Вскоре после столкновения с царем и его опричной свитой в Новодевичьем монастыре митрополит переехал из своей кремлевской резиденции в московскую обитель Николы Старого. Относительно того, где находился этот монастырь, есть несколько версий. Вероятнее всего, в Житии говорится об известной Никольской обители в Китай-городе, недалеко от Богоявленского и Заиконоспасского монастырей. Ее также иногда называли «Никольской за Иконным рядом» и «Никольской за Ветошным рядом». Если Филипп нашел приют именно там, то его сошествие с митрополии обрело масштаб международного скандала: в монастыре жили греки, в том числе, по всей вероятности, афонские иноки. Согласно второй, более сомнительной версии это был «Никола Старый» в Замоскворечье на Болоте. Наконец, некоторые исследователи считают, что так называли Николо-Перервинский монастырь, стоявший тогда на большом отдалении от стен столицы. Но это предположение наименее вероятно: в ту пору названная обитель, скорее всего, была очень невелика и не подходила для пребывания митрополита, хотя бы и сошедшего с митрополичьего двора.
Он удалился от зла. Он не хотел быть рядом с царем даже территориально. Сам факт переезда вновь показал москвичам «нелюбие» между главами светской и духовной власти в Московском государстве. Что это значит?
Если прежде конфликт между Иваном Васильевичем и Филиппом был достоянием относительно узкого круга лиц — пусть по столице и ходили недобрые слухи, пусть вспоминали очевидцы прилюдно сделанные Филиппом обличения, — но до открытого разрыва дело не доходило. Кто прежде был осведомлен о работе следственной комиссии на Соловках? Кто знал, до какого накала дошли противоречия между двумя величайшими людьми страны? Теперь — узнали. Митрополит показал: примирения с опричниной он не желает, пастырского благословения на нее не дает и не даст впредь, обличать ее не перестанет. Показал всей столице.
Ответная кара стала делом времени.
Иван IV разбирает бумаги, составленные следственной комиссией князя Темкина-Ростовского, прикидывает, каких свидетелей стоит вызвать на суд, как их использовать.

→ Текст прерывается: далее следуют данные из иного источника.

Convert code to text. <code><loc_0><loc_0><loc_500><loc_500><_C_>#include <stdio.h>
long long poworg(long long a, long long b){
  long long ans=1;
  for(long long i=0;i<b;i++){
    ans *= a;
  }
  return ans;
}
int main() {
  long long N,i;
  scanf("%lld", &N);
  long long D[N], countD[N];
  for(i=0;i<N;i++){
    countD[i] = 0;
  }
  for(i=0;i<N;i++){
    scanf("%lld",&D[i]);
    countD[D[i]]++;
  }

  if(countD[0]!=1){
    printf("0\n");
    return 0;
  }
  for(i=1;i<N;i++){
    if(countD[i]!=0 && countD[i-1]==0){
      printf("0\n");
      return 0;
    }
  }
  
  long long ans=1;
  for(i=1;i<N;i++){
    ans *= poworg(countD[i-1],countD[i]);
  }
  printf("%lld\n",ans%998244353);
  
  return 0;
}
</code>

Он имеет возможность просто убить митрополита, но в этом случае царство, и так расщепленное опричной трещиной, может просто развалиться. Чего ждать от подданных, когда слетит голова самого митрополита? Не обернется ли его гибель ужасающим мятежом? Не восстанет ли земщина?

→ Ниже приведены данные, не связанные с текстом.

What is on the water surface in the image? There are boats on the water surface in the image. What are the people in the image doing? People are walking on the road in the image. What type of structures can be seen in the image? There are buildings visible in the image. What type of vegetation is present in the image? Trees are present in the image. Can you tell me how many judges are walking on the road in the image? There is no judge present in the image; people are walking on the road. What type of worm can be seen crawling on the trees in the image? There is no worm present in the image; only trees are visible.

Неправильно было бы изображать Ивана Васильевича лишь бездушным кровопийцей. Да, последние месяцы многое переменили к худшему в его натуре. Большая кровь вошла ему в привычку. Филипп вызывал в нем бешенство. Но почтительное отношение если не к самому митрополиту, то хотя бы к его сану, к сакральному статусу главы Церкви должно было остаться. Как в любом православном человеке, в Иване IV жила боязнь пойти против Божьей воли; он должен был опасаться последствий поступка, который собирался совершить.
Царь медлил.
Он размышлял, взвешивал… По всей видимости, натура артиста, стремящегося всякий свой поступок «поставить», как ставят театральное действие, позвала его к иному решению. Не убить, нет — рискованно, некрасиво. Гораздо лучше — опозорить. Унизить, раздавить. И сделать всё это в виде спектакля с большим количеством актеров, статистов и зрителей. Иван Васильевич попробовал себя в нем на режиссерской стезе…
Епископа да судит епископ — таковы церковные правила. Но наша Церковь давно потеряла ту необыкновенную самостоятельность, которой она пользовалась в XIV и XV столетиях.
С X века, от основания своего, Русская церковь подчинялась патриарху Константинопольскому. Византийцы ставили на Русь митрополитов; а если отыскивался местный кандидат на митрополичью кафедру, то ему следовало отправиться в Константинополь, чтобы пройти там утверждение. В условиях политической раздробленности Руси, особенно тяжелой при ордынском иге XIII–XV веков, это положение, как ни странно, даже имело для страны определенную пользу. На множество больших и малых княжеств, а также вечевых республик приходилась одна общая церковная организация. И у этой организации был единый центр, вынесенный за пределы Руси, раздираемой междоусобными войнами. Таким образом, Церковь, во-первых, стала одним из главных факторов объединения Руси, скрепой для пестрого крошева маленьких независимых государств. Во-вторых, она обладала значительной независимостью по отношению к любому русскому князю — тверскому, суздальско-нижегородскому или московскому. Залогом успешной политики московских князей стало их умение устанавливать с Церковью добрые отношения.
В конце XIV века и особенно в XV столетии такое положение стало тягостным. Царьградские власти, слабея, теряя земли, ведя бесконечные тяжелые войны с турками, пытались использовать Русь в своих политических целях, и главенство над Русской церковью было для этого превосходным рычагом.